Les dispositions prévues par la loi
La loi a prévu « des obligations qui s’appliquent à toutes les sociétés, d’abord d’attribuer des emplois à la main-d’œuvre sénégalaise mais aussi de faire la promotion des jeunes talents, de permettre le remplacement progressif des employés expatriés et étrangers par des employés nationaux qui auront bénéficié d’un renforcement de capacités à travers les différents Instituts qui existent dont l’INPG mais également d’autres modules de formation qui seront développés en partenariat avec les établissements. Les entreprises sont également tenues de respecter le principe de préférence nationale en accordant la priorité aux sous-traitants locaux en créant une société de droit sénégalais mais également en ouvrant le capital de cette société de droit sénégalais aux investisseurs sénégalais dont les modalités de participation seront fixées ultérieurement dans les décrets. » La dernière obligation concerne « l’élaboration d’un plan de contenu local ». Lequel, qui se fera annuellement, devra « dresser aussi bien le bilan sur 12 mois mais également les perspectives à venir notamment les différentes activités de l’entreprise mais également les biens et services dont elle a besoin. »

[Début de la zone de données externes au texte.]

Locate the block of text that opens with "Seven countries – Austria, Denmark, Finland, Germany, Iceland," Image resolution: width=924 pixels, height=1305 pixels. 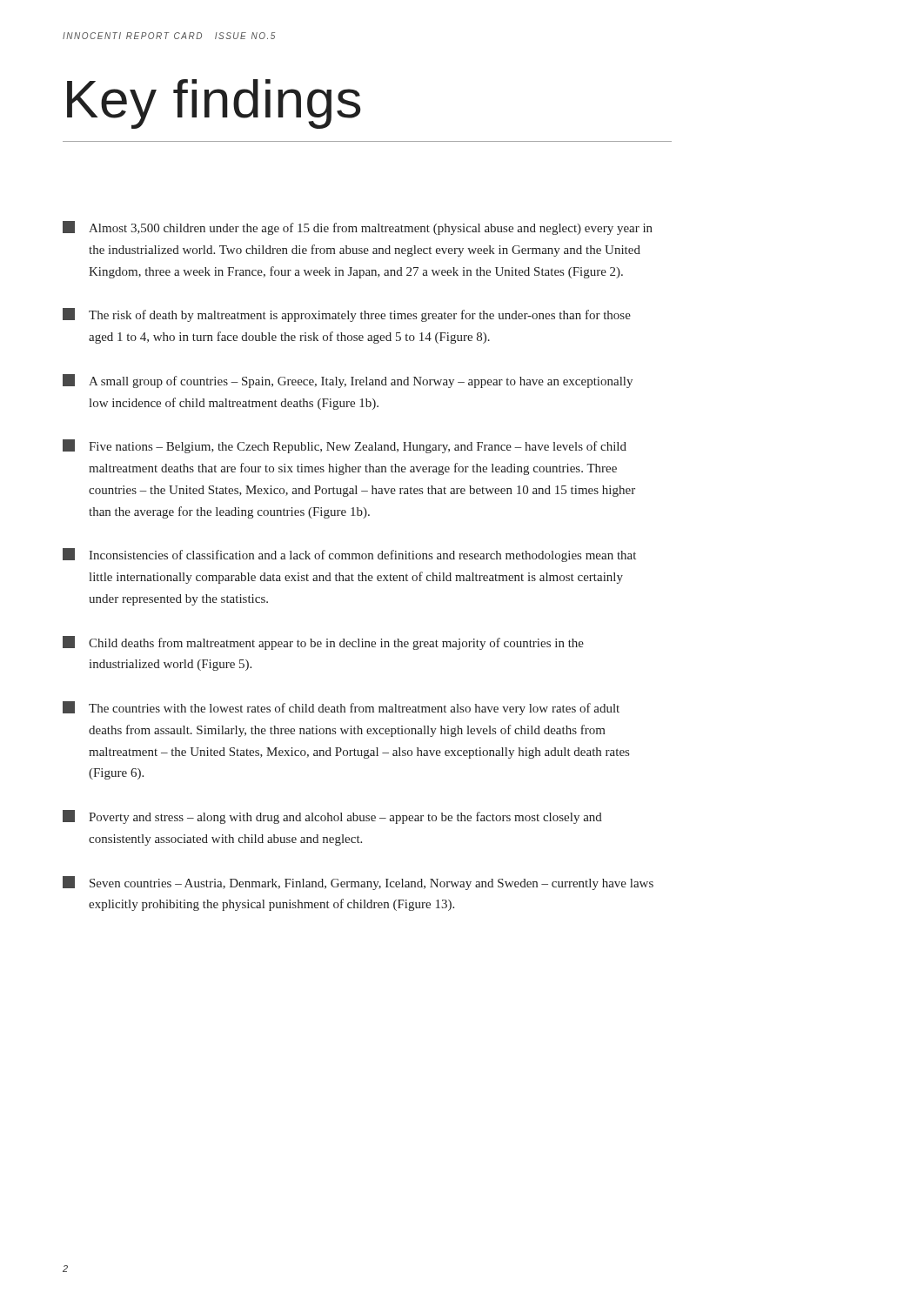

L’opérationnalisation de la loi
Pour sa mise en œuvre, le contenu local doit être soumis à un organe qui est le Comité national de suivi du contenu local. Une fois que toutes les entreprises auront élaboré leur plan, elles le soumettent à cet organe qui a pour mission de coordonner l’élaboration de la stratégie du gouvernement en matière de contenu local mais également de s’assurer de sa meilleure application. Pour accompagner les sociétés sénégalaises, il est prévu un fond d’appui au développement du contenu local. Ce fond va « permettre la mise à niveau et l’accompagnement des sociétés sénégalaises pour qu’elles puissent participer aux activités pétrolières et gazières ». Des sanctions sont prévues « en cas de non respect des obligations, et elles vont de la résiliation du contrat au paiement d’une amende tel que c’est prévu dans le Code pétrolier. »
Autre sanction prévue, « la non récupération du coût des activités concernées et qui n’auront pas respecté les obligations contenu local. Le contrevenant risque également une exclusion de la plateforme électronique des fournisseurs et des prestataires de services. »

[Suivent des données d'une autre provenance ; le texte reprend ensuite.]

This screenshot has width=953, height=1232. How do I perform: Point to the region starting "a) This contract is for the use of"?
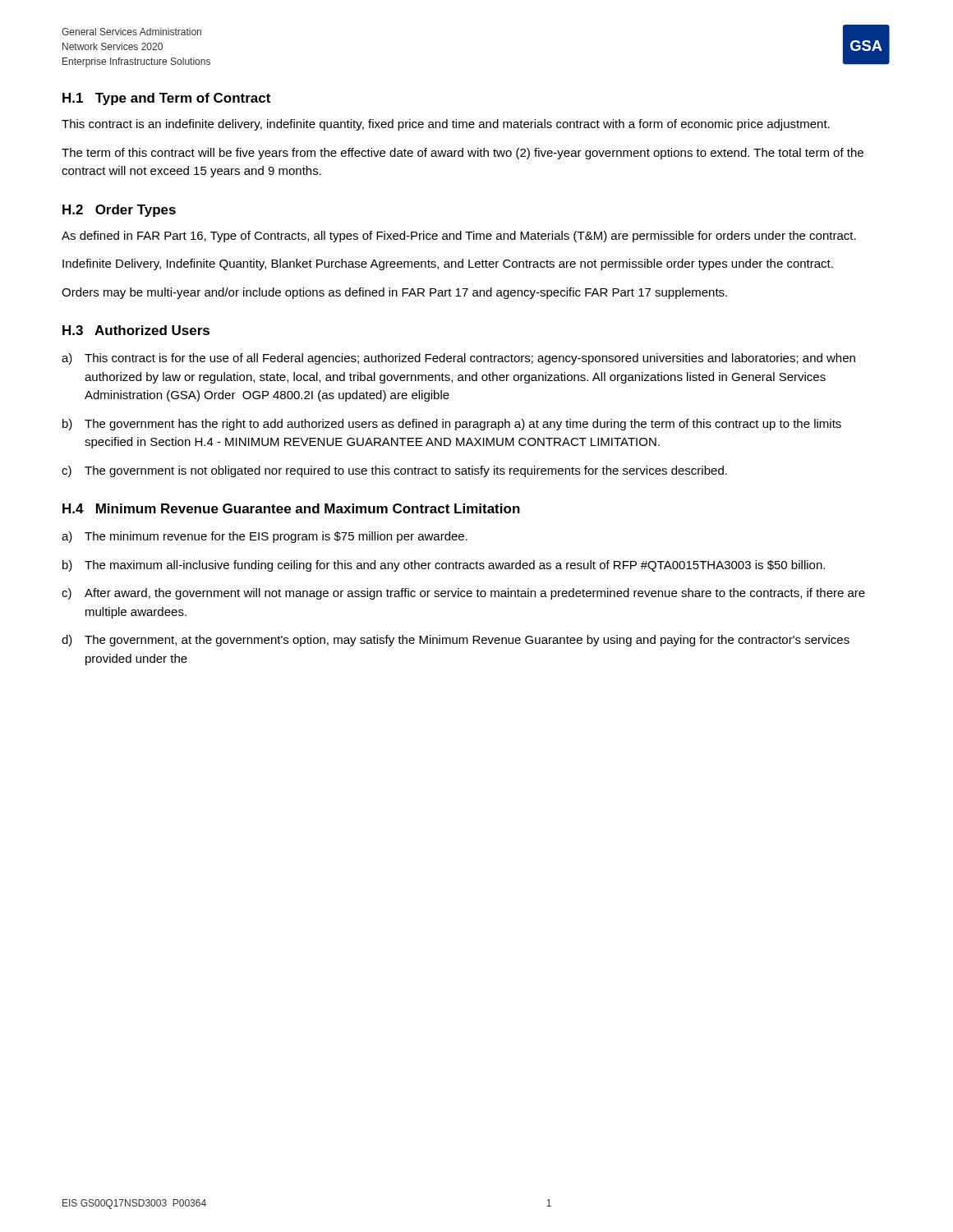point(476,377)
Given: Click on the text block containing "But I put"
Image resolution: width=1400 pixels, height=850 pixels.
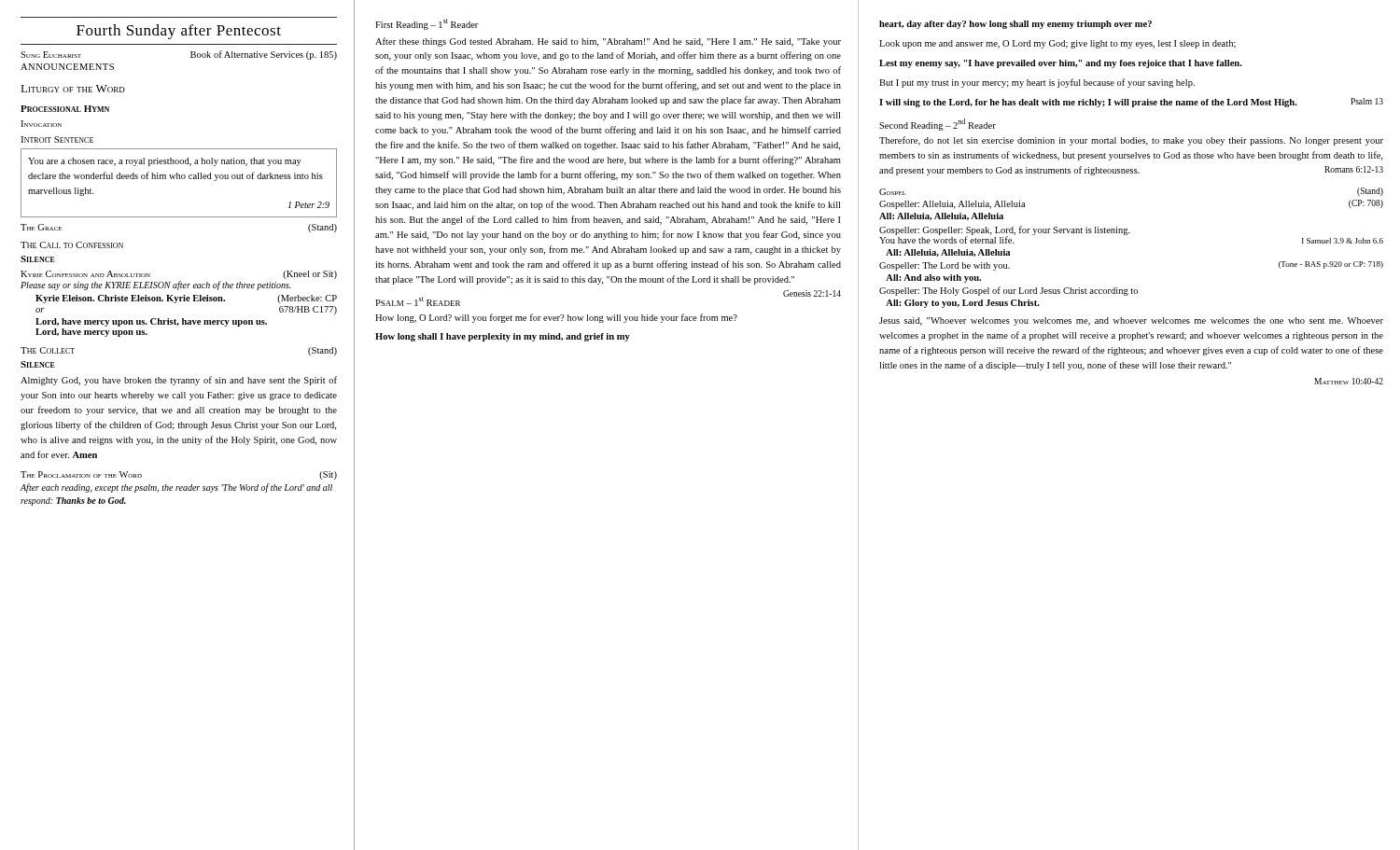Looking at the screenshot, I should click(1037, 82).
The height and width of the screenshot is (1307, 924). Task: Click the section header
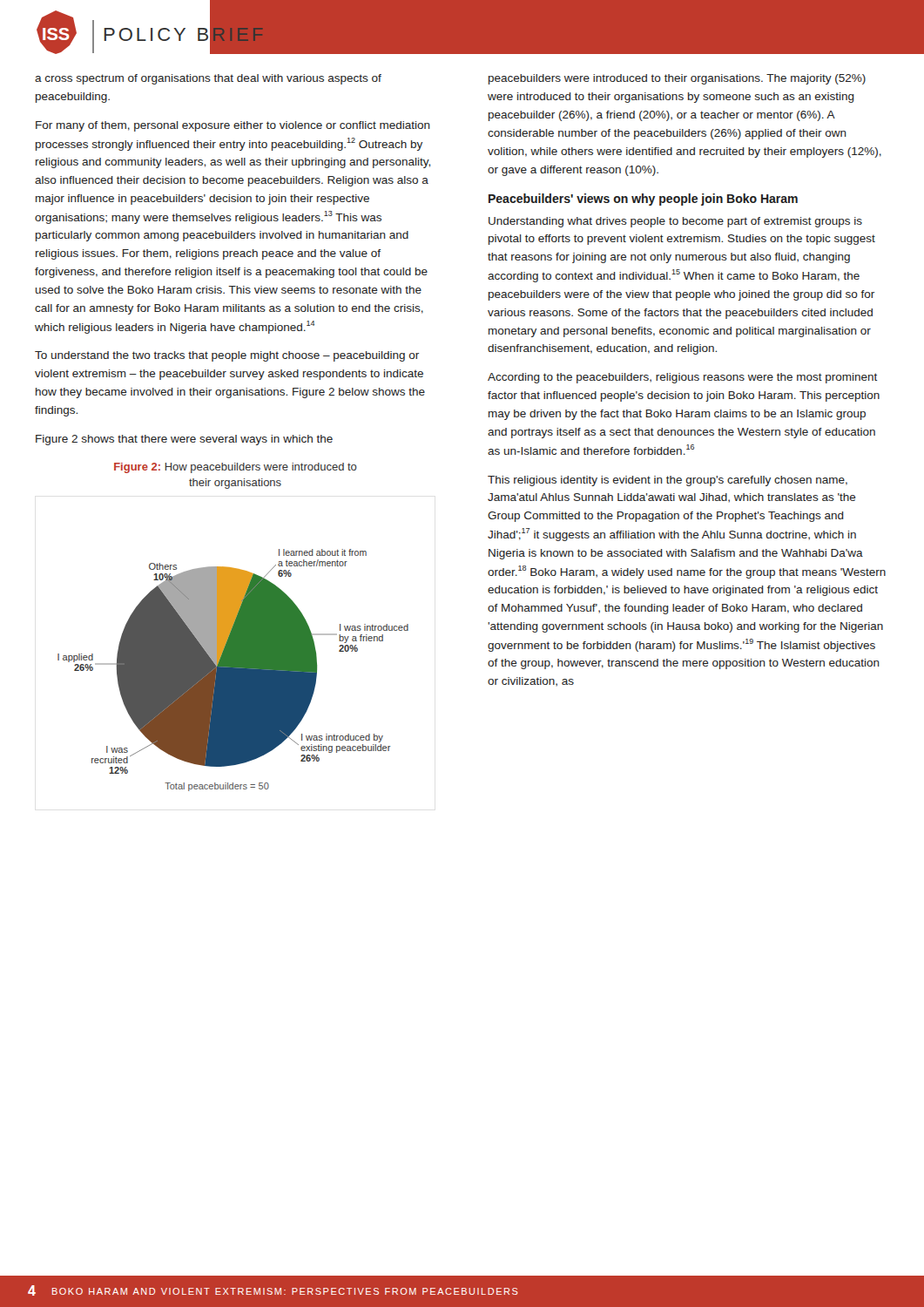(x=643, y=198)

Enfin, un comité interministériel, qui va regrouper l’ensemble des départements ministériels impliqués, sera prochainement mis en place. Le fruit de ces consultations interministérielles en plus des concertations sectorielles qui seront organisées avec les opérateurs pétroliers et gaziers, les universitaires, les entreprises locales mais également tous les membres de la société civile, vont permettre d’alimenter les décrets d’application.